However, when the receiver's secure collaboration apps is able to decrypt the encrypted communication key with the derived key-encrypting key, the process proceeds to block 860, where the receiver's secure collaboration app decrypts the encrypted communication key to obtain a decrypted communication key. In block 870, the decrypted communication key is used to decrypt the communication. Finally, the decrypted communication is provided to the one or more receivers in block 880.

FIG. 9 illustrates an exemplary interface 900 for exchanging cryptographic communications and securely transferring files. The interface 900 includes user information field 905, which displays user information including the user's name, their username, and an avatar that is displayed to other users. As shown in FIG. 9, interface 900 belongs to Alice Adams. Additionally, the interface 900 includes a room identification field 910 and a message identifier field 915. The room identification field 910 and a message identifier field 915 may indicate the secure chat rooms the user is participating in and the open one-to-one communications the user has open, respectively.

FIG. 9 illustrates that Alice Adams is participating in a secure chat room. This is reflected by the highlighted field (e.g. “Grifted Gobstopper”) under the room identification field 910. Additionally, a header 930 shows general information about the communication that the user is participating in. For example, the header 930 may include the name of the secure chat room or one-to-one communication, a TTL for all communications, the members of the secure chat room, and a search field. Below the header, a conversation field 940 is shown. The conversation field 940 may include the communications, including messages, shared images, videos, voice recordings, etc., exchanged between users. Below the conversation field is a user input field 945. The user input field 945 allows a user to enter text and send the text to other communicants. Additionally, the user input field 945 may include an upload button, which allows clients to share content in a secure manner. In operation, the conversation field 940 displays a banner 950 identifying that the following communication constitutes sensitive information and may not be accessible to all members of the secure chat room. While a banner is illustrated in FIG. 9, a different type of notification, such as highlighting or displaying the content in a different color, may displayed to alert the one or more receivers of the communication's limited audience.

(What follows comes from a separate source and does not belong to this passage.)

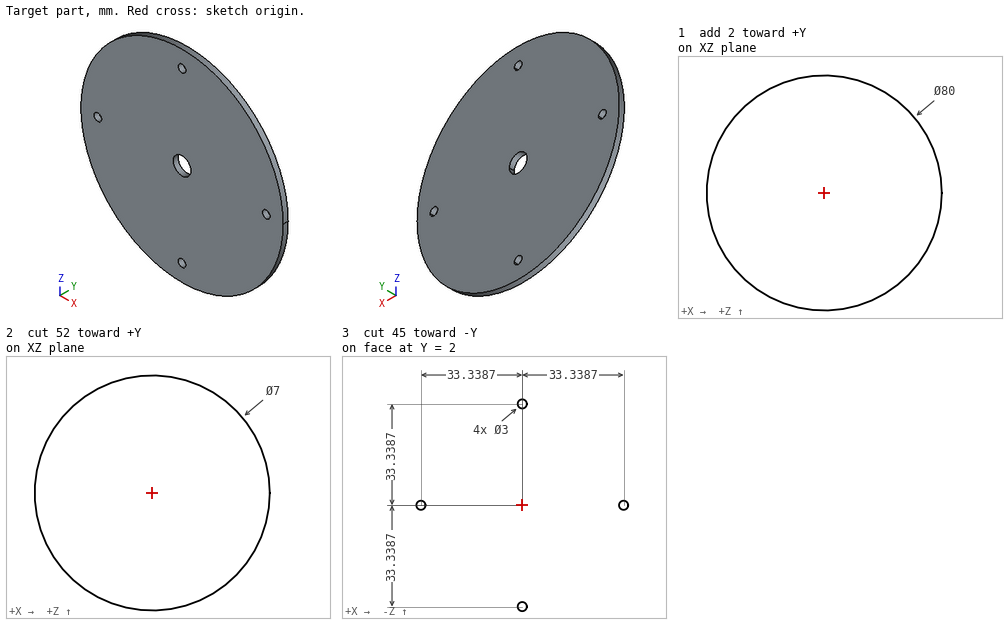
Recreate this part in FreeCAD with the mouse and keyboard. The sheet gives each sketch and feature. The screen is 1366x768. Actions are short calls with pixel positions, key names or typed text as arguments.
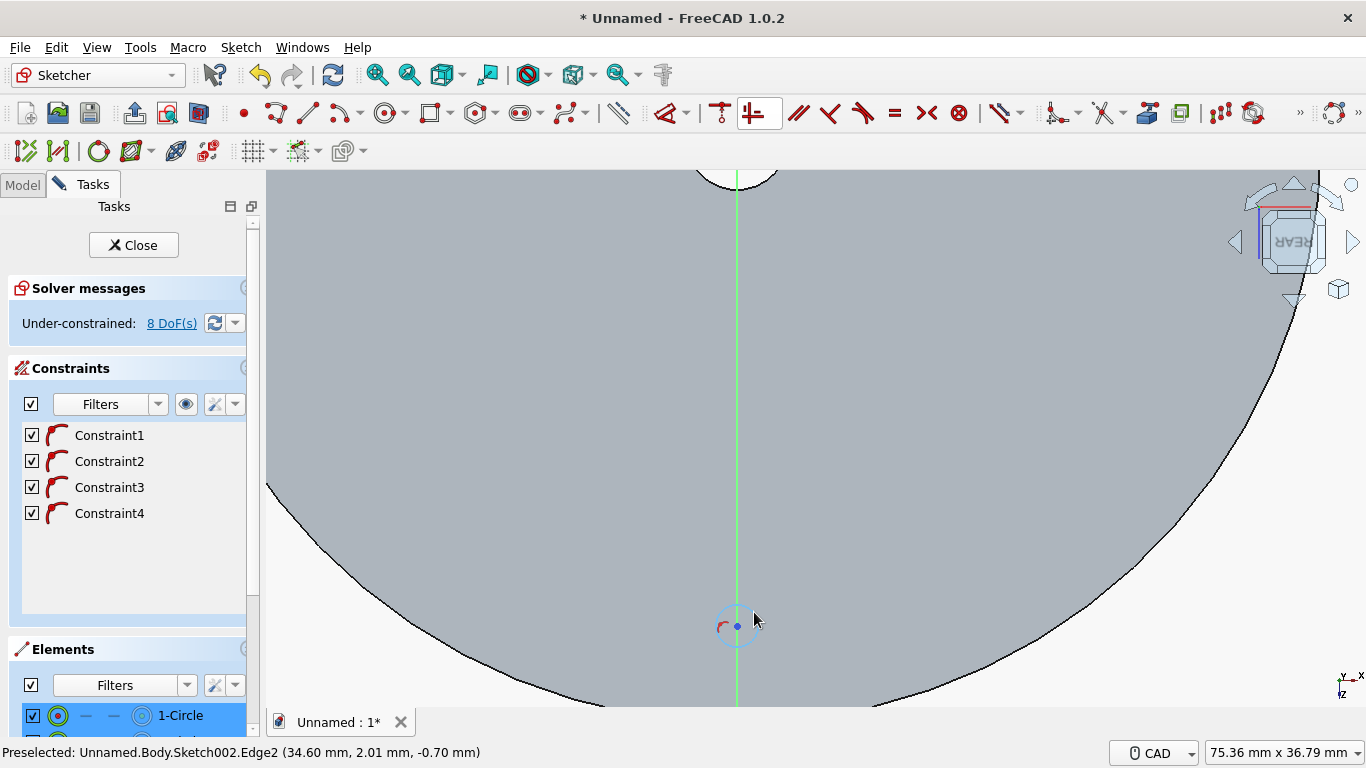
click(752, 611)
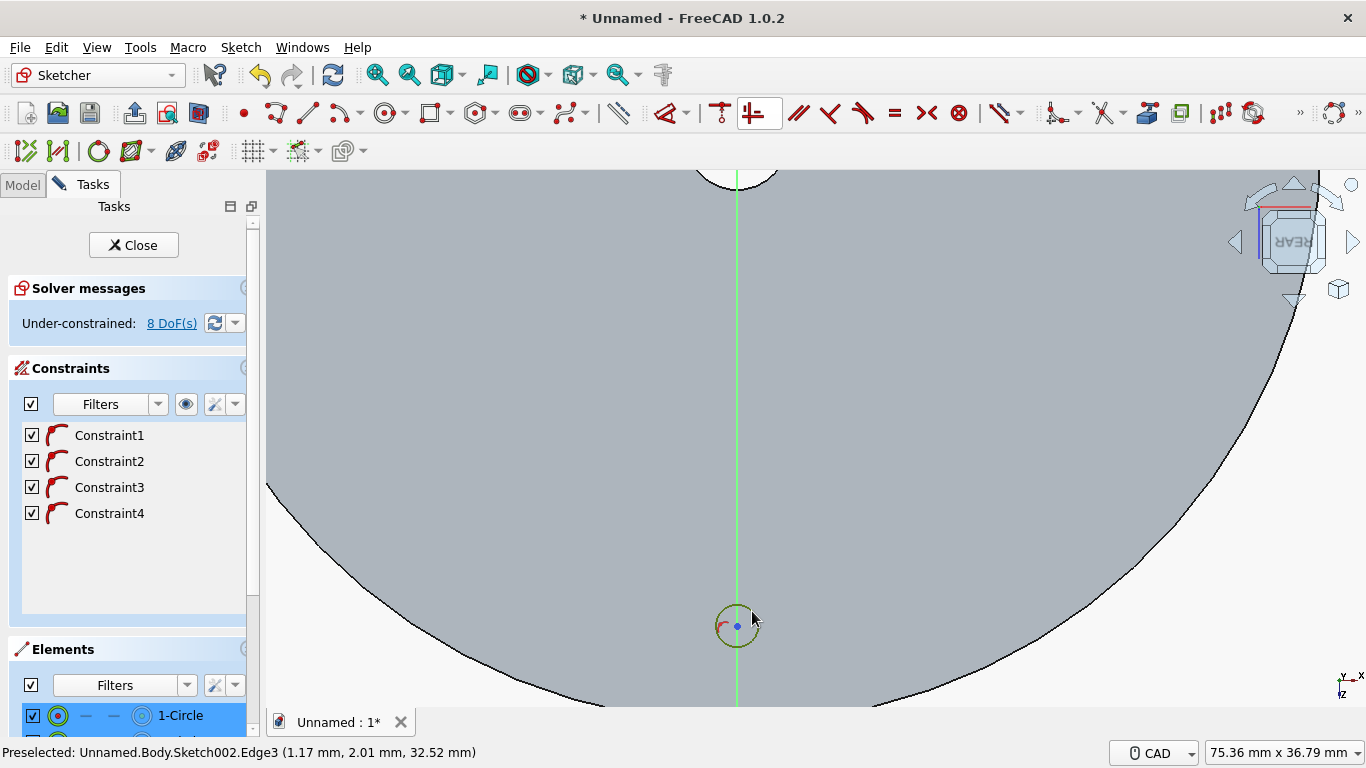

Although the foregoing embodiments have been described in some detail for purposes of clarity of understanding, the present disclosure is not limited to the details provided. There are many alternative ways of implementing the present disclosure. The disclosed embodiments are illustrative and not restrictive.

Claims

1. A method comprising:

composing, at a sending device, a first communication addressed to one or more receivers;

generating, at the sending device, a first communication key;

encrypting, at the sending device, the first communication using the first communication key;

generating, at the sending device, at least one key-encrypting key for each of the at least one receivers, wherein the at least one key-encrypting key is derived according to a key agreement protocol using ephemeral information from the sender and a third party server;

encrypting, at the sending device, the first communication key with the at least one key-encrypting key;

encrypting, at the sending device, the encrypted first communication key with a device key associated with a first receiver to produce a twice-encrypted communication key;

encapsulating, at the sending device, the encrypted first communication and the twice-encrypted first communication key in a secure communication container; and

transmitting, by the sending device, the secure communication container to the one or more receivers.

2. The method of claim 1, wherein the ephemeral information received from the third party server is based on a permission level assigned to the first communication.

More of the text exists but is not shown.